Last week Cyril Ramaphosa sounded the alarm about South Africa's water crisis. Citing the famous line from Coleridge's Rime of the Ancient Mariner about "water, water everywhere, nor any drop to drink," he said that "unless we act now, we may not have water anywhere".
The combination of a "decade-long drought", "already over-exploited water systems", and "worsening effects of climate change" confronted the country with a "dire situation". Other causes included "mismanagement and corruption" in the water sector, billing errors, unauthorised usage, and "outright theft". Whether in the building of infrastructure or at municipal level, "serious accountability and governance issues" persisted.
Releasing the government's latest water and sanitation master plan the previous week, the minister of human settlements, water, and sanitation, Lindiwe Sisulu, identified a lack of skilled water engineers as among the other causes of the water crisis. Implementation of the master plan would cost the country nearly R900 billion over the next ten years, she said.

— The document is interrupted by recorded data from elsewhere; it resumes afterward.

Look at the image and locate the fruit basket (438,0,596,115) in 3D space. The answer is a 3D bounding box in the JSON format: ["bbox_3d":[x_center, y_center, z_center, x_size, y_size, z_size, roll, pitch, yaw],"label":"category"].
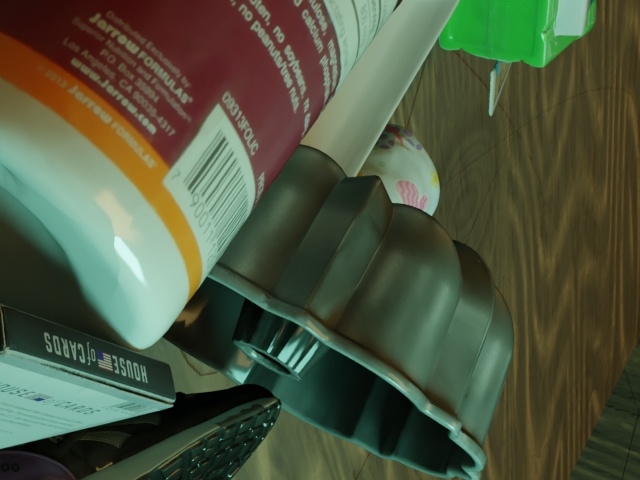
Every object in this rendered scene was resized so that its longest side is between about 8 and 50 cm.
[{"bbox_3d":[0.230,-0.345,1.483,0.353,0.165,0.327,-53,152,-41],"label":"fruit basket"}]

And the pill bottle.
[{"bbox_3d":[-0.082,-0.149,0.867,0.392,0.224,0.224,-57,154,-28],"label":"pill bottle"}]

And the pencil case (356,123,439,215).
[{"bbox_3d":[0.000,0.000,1.318,0.273,0.113,0.124,-44,153,-46],"label":"pencil case"}]

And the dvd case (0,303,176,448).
[{"bbox_3d":[-0.219,0.087,0.777,0.179,0.239,0.029,34,43,-66],"label":"dvd case"}]

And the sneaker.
[{"bbox_3d":[-0.149,0.134,1.040,0.283,0.124,0.107,-20,149,-47],"label":"sneaker"}]

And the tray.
[{"bbox_3d":[0.010,-0.154,1.256,0.145,0.030,0.270,43,65,-27],"label":"tray"}]

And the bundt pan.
[{"bbox_3d":[-0.007,0.032,1.040,0.124,0.331,0.331,-59,155,-14],"label":"bundt pan"}]
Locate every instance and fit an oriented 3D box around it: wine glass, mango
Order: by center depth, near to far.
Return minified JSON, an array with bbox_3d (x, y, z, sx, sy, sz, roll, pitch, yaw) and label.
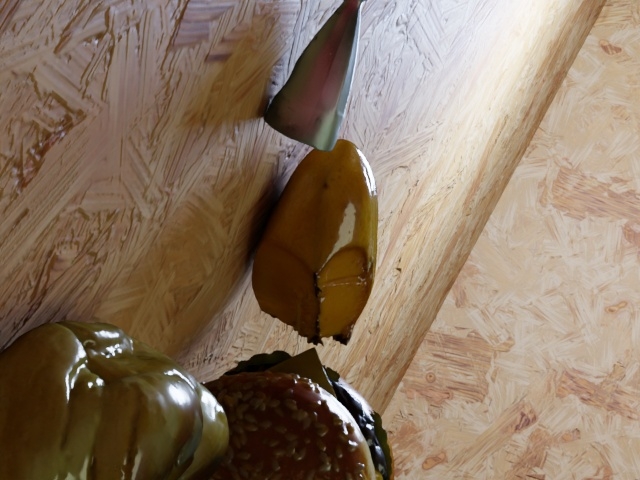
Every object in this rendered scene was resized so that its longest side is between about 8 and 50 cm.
[{"bbox_3d":[0.006,-0.166,1.115,0.155,0.073,0.073,-68,167,16],"label":"wine glass"},{"bbox_3d":[0.000,0.000,1.325,0.154,0.126,0.252,-37,146,-47],"label":"mango"}]

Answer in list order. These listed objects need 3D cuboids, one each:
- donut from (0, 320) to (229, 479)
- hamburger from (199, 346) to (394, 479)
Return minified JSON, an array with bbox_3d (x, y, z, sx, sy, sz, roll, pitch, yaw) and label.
[{"bbox_3d":[-0.200,0.229,0.893,0.360,0.170,0.360,-55,165,-22],"label":"donut"},{"bbox_3d":[-0.054,0.266,1.329,0.291,0.291,0.225,-63,167,4],"label":"hamburger"}]
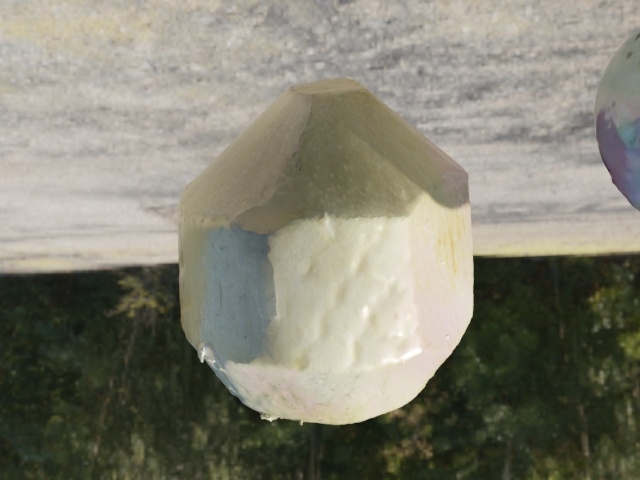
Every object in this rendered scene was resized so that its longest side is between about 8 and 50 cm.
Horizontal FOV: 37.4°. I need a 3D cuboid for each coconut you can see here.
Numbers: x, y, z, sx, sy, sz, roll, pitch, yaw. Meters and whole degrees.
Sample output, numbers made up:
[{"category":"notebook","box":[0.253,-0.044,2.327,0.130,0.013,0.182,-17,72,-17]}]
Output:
[{"category":"coconut","box":[0.000,0.000,1.008,0.352,0.353,0.352,-1,174,0]}]

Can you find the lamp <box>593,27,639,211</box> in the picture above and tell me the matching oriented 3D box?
[{"category":"lamp","box":[0.308,-0.128,0.611,0.247,0.247,0.301,36,161,-13]}]
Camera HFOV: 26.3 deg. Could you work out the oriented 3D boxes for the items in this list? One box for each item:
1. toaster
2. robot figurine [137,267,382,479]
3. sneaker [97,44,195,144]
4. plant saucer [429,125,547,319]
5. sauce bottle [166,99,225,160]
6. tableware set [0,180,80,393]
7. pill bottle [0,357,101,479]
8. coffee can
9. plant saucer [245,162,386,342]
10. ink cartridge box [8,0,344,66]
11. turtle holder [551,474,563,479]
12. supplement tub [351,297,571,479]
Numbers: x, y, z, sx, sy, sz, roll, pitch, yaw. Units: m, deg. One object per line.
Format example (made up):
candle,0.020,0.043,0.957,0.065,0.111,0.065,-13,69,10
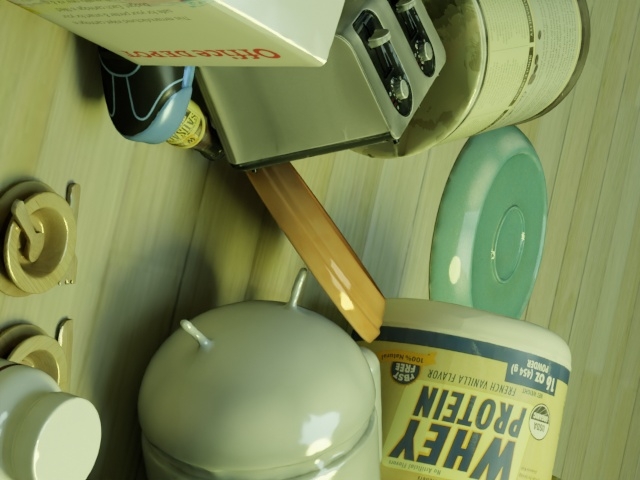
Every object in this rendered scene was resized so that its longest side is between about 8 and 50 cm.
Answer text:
toaster,-0.005,-0.145,1.150,0.110,0.185,0.168,67,30,-23
robot figurine,-0.047,0.200,1.172,0.300,0.199,0.354,-33,128,-44
sneaker,-0.146,-0.185,0.997,0.090,0.081,0.232,-9,101,-56
plant saucer,0.228,0.003,1.767,0.317,0.043,0.318,-28,124,-54
sauce bottle,-0.115,-0.098,1.113,0.128,0.042,0.042,30,73,-58
tableware set,-0.209,0.054,0.999,0.128,0.039,0.194,-12,110,-59
pill bottle,-0.221,0.116,0.881,0.086,0.152,0.086,-29,124,-54
coffee can,0.124,-0.197,1.342,0.275,0.201,0.202,-20,117,-58
plant saucer,0.000,0.000,1.215,0.037,0.200,0.200,-35,145,3
ink cartridge box,-0.124,-0.241,0.813,0.270,0.198,0.197,24,79,-44
turtle holder,0.254,0.399,1.797,0.320,0.243,0.227,53,27,-10
supplement tub,0.117,0.234,1.375,0.228,0.228,0.316,31,68,-60
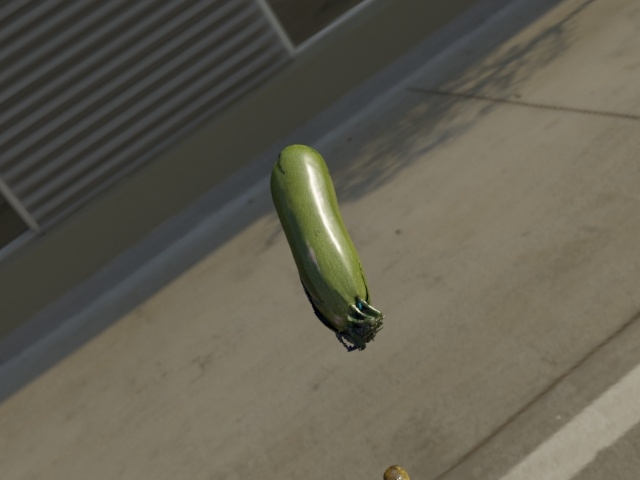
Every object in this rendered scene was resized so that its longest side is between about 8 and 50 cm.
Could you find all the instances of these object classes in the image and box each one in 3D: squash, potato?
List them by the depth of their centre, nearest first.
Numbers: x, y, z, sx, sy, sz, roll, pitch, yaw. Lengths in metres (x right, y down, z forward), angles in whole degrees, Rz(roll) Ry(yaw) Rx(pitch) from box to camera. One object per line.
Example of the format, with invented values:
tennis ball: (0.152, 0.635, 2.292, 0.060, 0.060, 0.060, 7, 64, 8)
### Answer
squash: (0.000, 0.000, 0.634, 0.052, 0.052, 0.183, -28, 59, 14)
potato: (0.148, 0.470, 1.615, 0.051, 0.040, 0.083, -16, 35, 1)
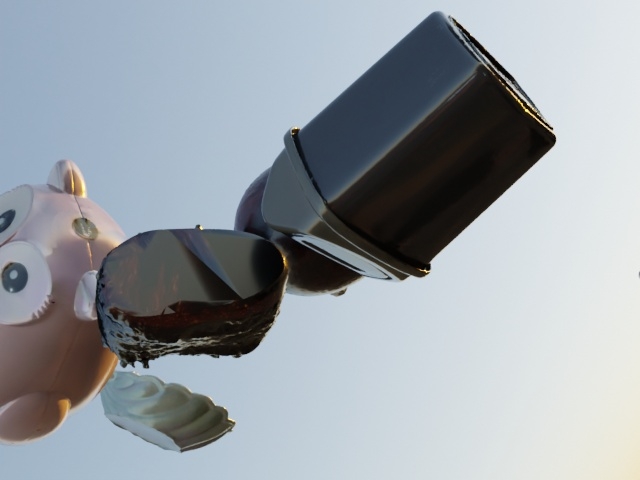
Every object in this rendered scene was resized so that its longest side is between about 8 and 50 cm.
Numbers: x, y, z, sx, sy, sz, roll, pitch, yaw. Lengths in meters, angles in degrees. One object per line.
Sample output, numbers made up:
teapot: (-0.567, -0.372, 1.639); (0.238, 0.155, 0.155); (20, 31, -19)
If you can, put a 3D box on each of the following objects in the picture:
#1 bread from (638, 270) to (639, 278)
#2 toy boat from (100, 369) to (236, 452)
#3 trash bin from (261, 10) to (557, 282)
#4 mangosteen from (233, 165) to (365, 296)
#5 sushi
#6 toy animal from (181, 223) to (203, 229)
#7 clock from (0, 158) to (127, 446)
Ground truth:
bread: (0.444, 0.057, 0.909); (0.086, 0.156, 0.125); (-59, -22, 0)
toy boat: (-0.313, 0.336, 1.567); (0.199, 0.290, 0.100); (91, -157, -55)
trash bin: (0.092, -0.086, 0.893); (0.290, 0.182, 0.209); (-42, -46, 21)
mangosteen: (0.000, 0.000, 1.202); (0.235, 0.235, 0.261); (-44, -47, -24)
sushi: (-0.150, 0.064, 0.951); (0.225, 0.136, 0.126); (-6, -30, -18)
toy animal: (-0.327, 0.074, 1.760); (0.114, 0.146, 0.245); (61, -135, -59)
clock: (-0.415, 0.095, 1.171); (0.251, 0.368, 0.377); (13, -45, -46)
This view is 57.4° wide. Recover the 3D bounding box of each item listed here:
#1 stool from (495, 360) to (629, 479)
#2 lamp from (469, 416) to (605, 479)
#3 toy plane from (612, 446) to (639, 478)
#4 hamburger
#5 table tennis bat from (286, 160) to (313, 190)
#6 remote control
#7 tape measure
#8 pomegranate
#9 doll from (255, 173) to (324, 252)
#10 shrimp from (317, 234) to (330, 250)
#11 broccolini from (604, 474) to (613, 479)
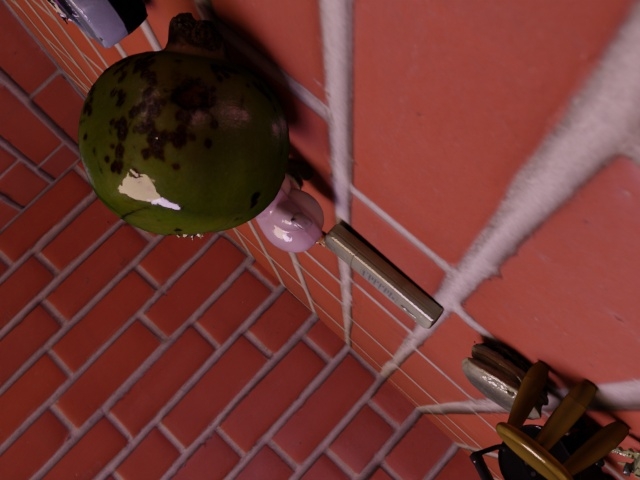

There is nothing new in any of this. What is missing is any acknowledgement by President Ramaphosa of the consequences for the water sector of the implementation of his party's major policies of cadre deployment and racial preferencing, the latter including procurement requirements, affirmative action, and black economic empowerment.
Various water specialists have identified some of these consequences. Qualified officials both black and white have been shunted aside as a succession of ministers have brought in their own top management. The national department multiplied director-level posts, leaving it with layers of managers but nobody to do the work.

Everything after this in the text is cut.